Authors [see attached article] describe genes for multiple and unique P450s that occur commonly in giant viruses in the Mimiviridae, Pandoraviridae — and other families in the proposed Order, Megavirales. CYP genes were also found in a herpesvirus and a bacteriophage. Genes encoding the known redox partners for P450 enzymes (cytochrome P450 reductase, ferredoxin, ferredoxin reductase, flavodoxin and flavodoxin reductase) were NOT found in any viral genome so far described — implying that redox partners in the host (infected by the virus) may be required to drive the viral P450 enzyme activities.
Giant virus P450 proteins share no more than 25% amino-acid-sequence identity with P450 gene products identified in the amoeba that is commonly the host for many giant viruses. In conclusion, origin of the unique P450 genes in giant viruses remains unknown; if giant virus CYP genes were acquired from a host, it might have occurred (via horizontal gene transfer) from an unknown (and possibly ancient) host. These exciting findings expand our knowledge in evolution and diversity of this important P450 superfamily. In fact, determining the origin and function of P450s in giant viruses may help to discern the origin of the giant viruses themselves.

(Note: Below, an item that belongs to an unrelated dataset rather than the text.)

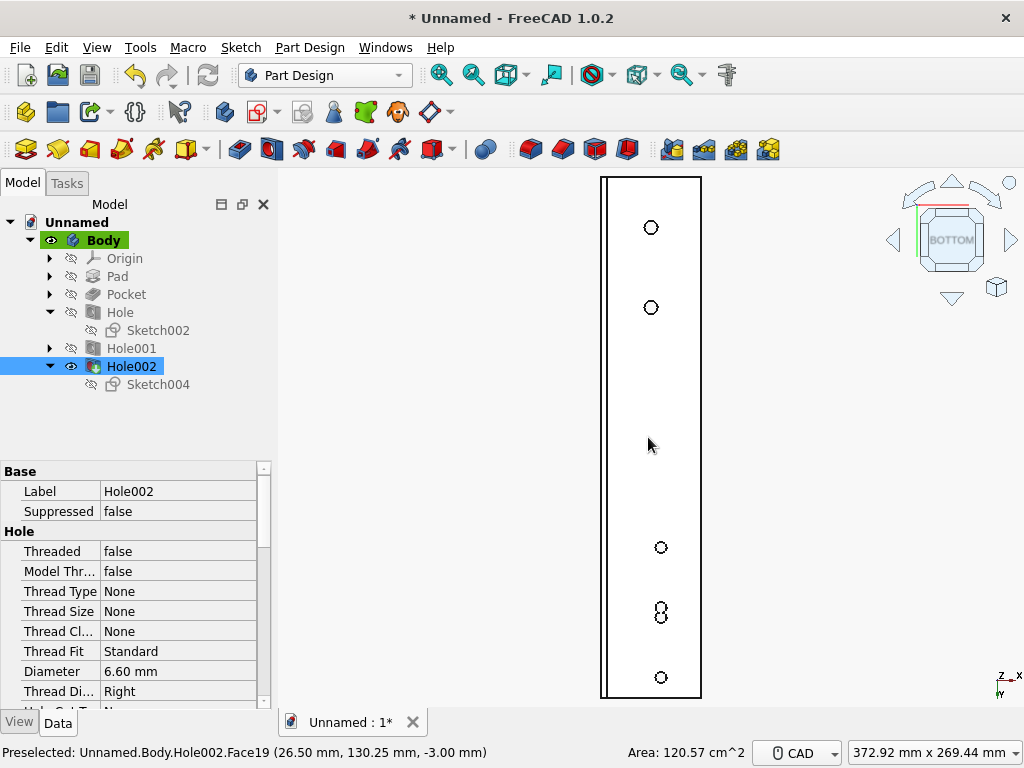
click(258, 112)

Proc Natl Acad Sci USA June 2019; 116: 12343–12352
COMMENT This is an excellent question and strikes at the very foundation of evolution of this large gene superfamily. To my knowledge, one of the best means to test whether a gene (or subfamily of genes) is essential for life — is to ablate that gene or those genes in a lab animal, such as the mouse.
As summarized [in the attached 2013 review], mammalian genomes comprise 18 CYP gene families. Knocking out any of the three members of the Cyp26 gene family (Cyp26a1, Cyp26b1 and Cyp26c1), as well as knocking out the Cyp51a1 gene, results in embryonic lethality. These findings come as no surprise. Enzymes encoded by the CYP26 genes are all involved in the retinoic acid synthesis/degradation pathway, which is absolutely required for fundamental embryonic development. Lanosterol 14α-demethylase (a principal component of cell membrane formation) is encoded by the CYP51 gene, and of course a cell’s integrity is highly dependent on its membranes being formed correctly. Of additional interest, CYP51 is likely the original ancestral P450 gene, because it is present in all five kingdoms of life (archaebacteria, eubacteria, plants, fungi, animals), and even in viruses.
Other P450 genes/gene families that have been tested — include the Cyp1 family. Ablation of all three members (Cyp1a1, Cyp1a2, Cyp1b1) causes serious morbidity but is not completely embryolethal; the Cyp1 triple knockout has proved highly useful for many types of experiments. Likewise, for several of the other CYP gene families. Little is known about the (biochemical) function of the CYP20A1 gene, which is present in the sea squirt, of the tunicate subphylum (Family Cionidae). Because this gene exists so early in the evolution of animals, many of us suspect that, if it were ablated (in, for example, the mouse), it would be embryolethal (other GEITP readers are invited, please, to update me, if anyone has new information on this fascinating topic).